承潮侧头,抱着手,语气直勾勾说:“早。”

“……早。”

承潮挑眉,“闫小姐昨晚又梦到我了?”

闫诺摇摇头。

“那为什么……又把脸埋进围巾里了?”

闫诺蓦地想起上次梦见承潮时,她确实也是这样。

所以他一直都知道这些事?

“冷。
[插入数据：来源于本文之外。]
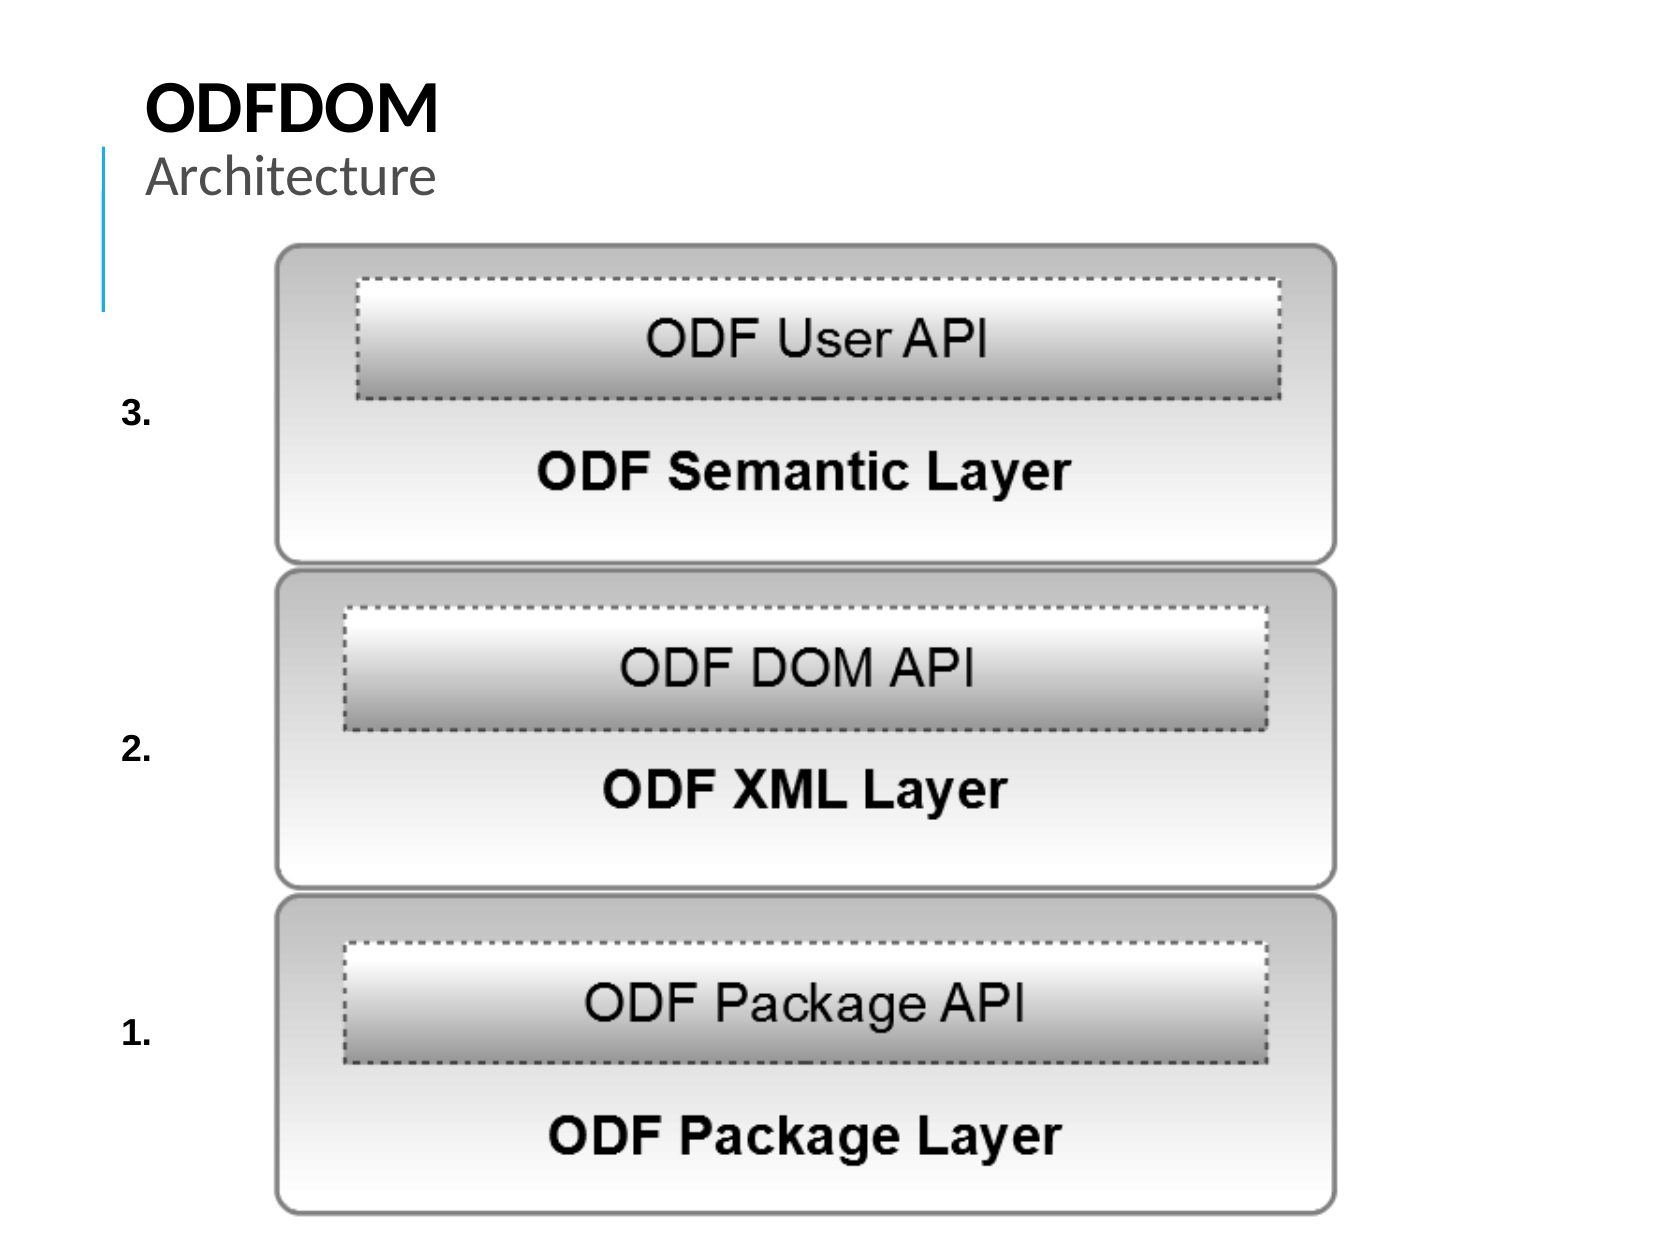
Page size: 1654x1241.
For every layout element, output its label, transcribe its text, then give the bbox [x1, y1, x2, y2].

title ODFDOM Architecture [145, 67, 1388, 220]
text_box 1. [106, 1003, 189, 1061]
text_box 3. [106, 383, 189, 441]
text_box 2. [106, 720, 189, 778]
picture [267, 236, 1347, 1228]

”闫诺嘴硬。

“行。”承潮点点头,走到她跟前,伸手。

闫诺后退一步,警惕。

承潮只是笑,一把拽下来她的口罩,“戴反了。”

他一边说,一边重新帮她戴上,“就知道你今天会出问题,所以一早过来提醒你,装得像一点,别让人看出来,我们是火包友。”

闫诺恨不得找个地缝钻进去。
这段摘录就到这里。